━━━━━ EXERCISE MATERIALS
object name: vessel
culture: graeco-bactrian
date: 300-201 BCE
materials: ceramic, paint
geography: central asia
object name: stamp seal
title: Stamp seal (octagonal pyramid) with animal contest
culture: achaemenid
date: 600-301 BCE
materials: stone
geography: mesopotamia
━━━━━━━━━━
━━━━━ EXERCISE MATERIALS
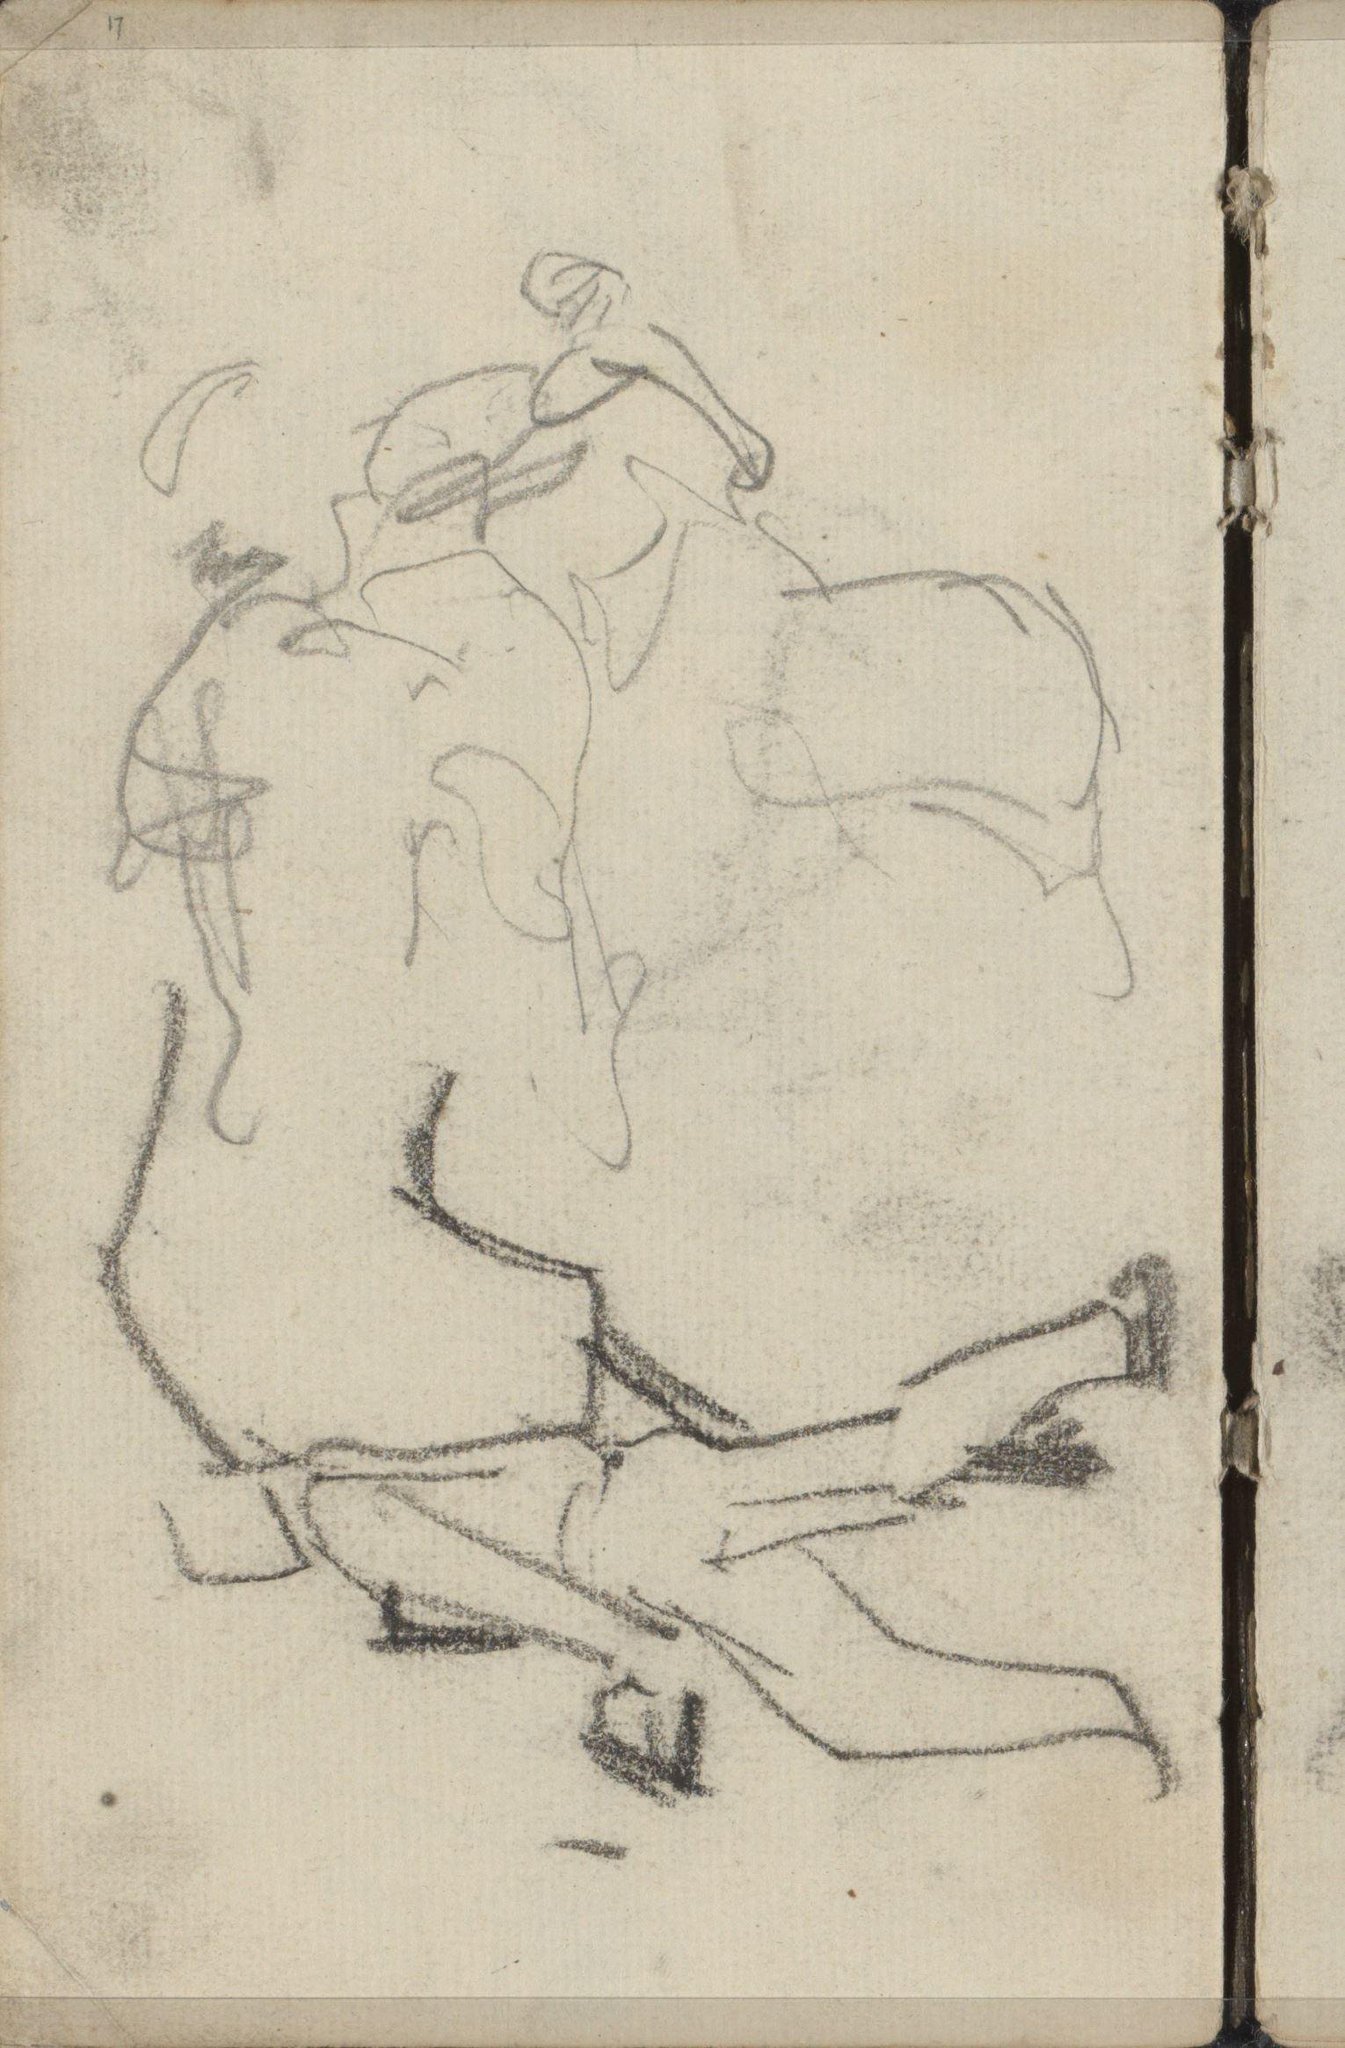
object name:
━━━━━━━━━━
Within the listing above, the range opens at the line with "culture: graeco-bactrian" and closes at the line with "geography: mesopotamia". Reproduce exactly the lines of that range, including both ends.

culture: graeco-bactrian
date: 300-201 BCE
materials: ceramic, paint
geography: central asia
object name: stamp seal
title: Stamp seal (octagonal pyramid) with animal contest
culture: achaemenid
date: 600-301 BCE
materials: stone
geography: mesopotamia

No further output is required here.